I need to take a Hessian vector product of a loss w.r.t. model parameters a large number of times. It seems that there is no efficient way to do this and a for loop is always required, resulting in a large number of independent autograd.grad
calls. My current implementation is given below, it is representative of my use case.
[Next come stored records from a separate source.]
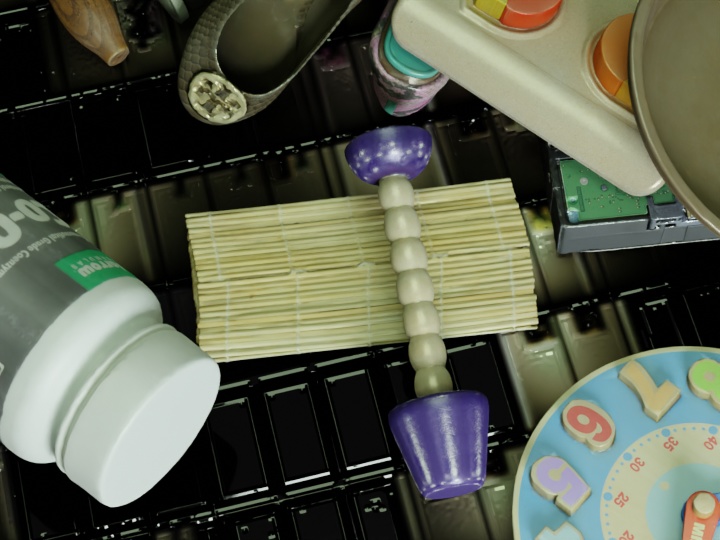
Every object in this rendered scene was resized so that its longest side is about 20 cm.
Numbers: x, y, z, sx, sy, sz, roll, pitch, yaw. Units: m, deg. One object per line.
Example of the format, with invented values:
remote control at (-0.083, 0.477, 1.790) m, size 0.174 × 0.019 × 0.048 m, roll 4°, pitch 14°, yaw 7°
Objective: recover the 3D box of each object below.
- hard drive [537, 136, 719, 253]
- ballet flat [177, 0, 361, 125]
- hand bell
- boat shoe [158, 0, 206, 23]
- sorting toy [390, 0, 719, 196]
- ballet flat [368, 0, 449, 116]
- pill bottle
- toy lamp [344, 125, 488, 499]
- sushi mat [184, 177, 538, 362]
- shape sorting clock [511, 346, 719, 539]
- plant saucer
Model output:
hard drive at (0.170, -0.110, 1.068) m, size 0.138 × 0.038 × 0.202 m, roll -6°, pitch 61°, yaw -2°
ballet flat at (-0.039, -0.147, 1.021) m, size 0.067 × 0.200 × 0.047 m, roll 35°, pitch 33°, yaw -24°
hand bell at (-0.205, -0.211, 1.118) m, size 0.104 × 0.104 × 0.201 m, roll -34°, pitch 79°, yaw -16°
boat shoe at (-0.134, -0.243, 1.127) m, size 0.060 × 0.072 × 0.202 m, roll -25°, pitch 62°, yaw -7°
sorting toy at (0.141, -0.168, 1.040) m, size 0.184 × 0.037 × 0.201 m, roll 33°, pitch 67°, yaw 4°
ballet flat at (0.052, -0.181, 1.089) m, size 0.069 × 0.071 × 0.201 m, roll 26°, pitch 67°, yaw -5°
pill bottle at (-0.179, 0.030, 0.959) m, size 0.199 × 0.113 × 0.113 m, roll 35°, pitch 68°, yaw 18°
toy lamp at (0.033, 0.023, 0.978) m, size 0.057 × 0.058 × 0.202 m, roll -8°, pitch 72°, yaw -3°
sushi mat at (0.000, 0.000, 1.027) m, size 0.197 × 0.012 × 0.097 m, roll -6°, pitch 62°, yaw -2°
shape sorting clock at (0.179, 0.129, 0.940) m, size 0.197 × 0.039 × 0.202 m, roll 0°, pitch 62°, yaw 1°
plant saucer at (0.232, -0.095, 1.007) m, size 0.198 × 0.029 × 0.202 m, roll 8°, pitch 70°, yaw -22°

Do note in the real case the collection of vectors v
are not all known beforehand.
import torch
import time
# Create model
model = torch.nn.Sequential(torch.nn.Linear(1, 500), torch.nn.Tanh(), torch.nn.Linear(500, 1))
num_param = sum(p.numel() for p in model.parameters())
# Evaluate some loss on a random dataset
x = torch.rand((10000,1))
y = torch.rand((10000,1))
y_hat = model(x)
loss = ((y_hat - y)**2).mean()
# Calculate Jacobian of loss w.r.t. model parameters
J = torch.autograd.grad(loss, list(model.parameters()), create_graph=True)
J = torch.cat([e.flatten() for e in J]) # flatten
# Calculate Hessian vector product
start_time = time.time()
for i in range(10):
v = torch.rand(num_param)
HVP = torch.autograd.grad(J, list(model.parameters()), v, retain_graph=True)
print('Time per HVP: ', (time.time() - start_time)/10)
Which takes around 0.05 s per Hessian vector product on my machine. Is there a way to speed this up? Especially considering that the Hessian itself does not change in between calls.